Concepts¶
KindaXML is designed to annotate text without building a deep DOM. The parser emits a flat list of text segments and optional markers, recovering from common model mistakes.
Core ideas¶
- Annotation-first: tags annotate text spans rather than create nested trees.
- Deterministic recovery: malformed tags still map to predictable spans.

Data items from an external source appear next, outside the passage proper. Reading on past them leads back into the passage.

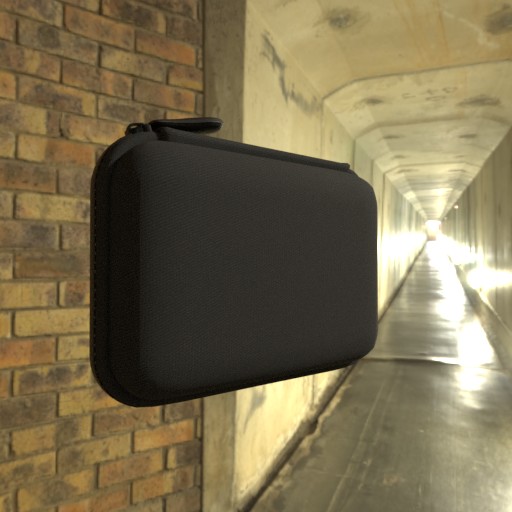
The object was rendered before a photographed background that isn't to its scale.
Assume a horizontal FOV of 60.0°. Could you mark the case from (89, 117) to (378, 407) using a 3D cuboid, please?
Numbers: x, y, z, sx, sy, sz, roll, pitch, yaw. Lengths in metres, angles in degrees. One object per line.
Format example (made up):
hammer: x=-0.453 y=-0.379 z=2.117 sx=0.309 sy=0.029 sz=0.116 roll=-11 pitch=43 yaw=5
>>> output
case: x=0.000 y=0.000 z=0.182 sx=0.132 sy=0.105 sz=0.038 roll=1 pitch=-1 yaw=-36
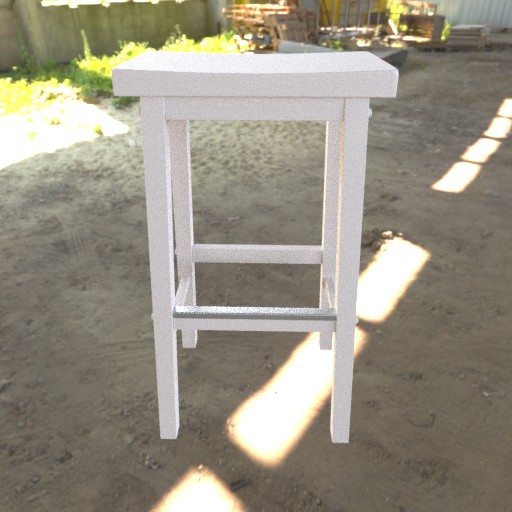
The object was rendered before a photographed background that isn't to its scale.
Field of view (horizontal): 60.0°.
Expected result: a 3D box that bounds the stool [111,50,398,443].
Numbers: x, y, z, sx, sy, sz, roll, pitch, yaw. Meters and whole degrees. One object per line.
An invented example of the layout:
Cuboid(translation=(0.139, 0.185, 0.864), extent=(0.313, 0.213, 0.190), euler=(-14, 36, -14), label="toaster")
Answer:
Cuboid(translation=(0.000, 0.000, 0.906), extent=(0.406, 0.742, 0.322), euler=(1, 31, 1), label="stool")

- Shallow structure: open tags auto-close when the next tag starts to avoid runaway nesting.
Output model¶
The parser returns:
text: tag-stripped textsegments: ordered runs of text, each with zero or more annotationsmarkers: zero-width annotations for self-closing tags
Example (conceptual):
[
{"text": "We shipped ", "annotations": []},
{"text": "last week", "annotations": [{"tag": "cite", "attrs": {"id": "1"}}]},
{"text": ".", "annotations": []}
]
Runnable example¶
Run:
cargo run -q --example basic
Expected output (excerpt):
=== Inline span ===
Original text:
We shipped <cite id="1">last week</cite>.
Parsed text:
We shipped last week.
Segments:
- 'We shipped '
- 'last week' (cite [id="1"])
- '.'
CI tip: compare the excerpt above with the matching section in the command output to verify the annotation model.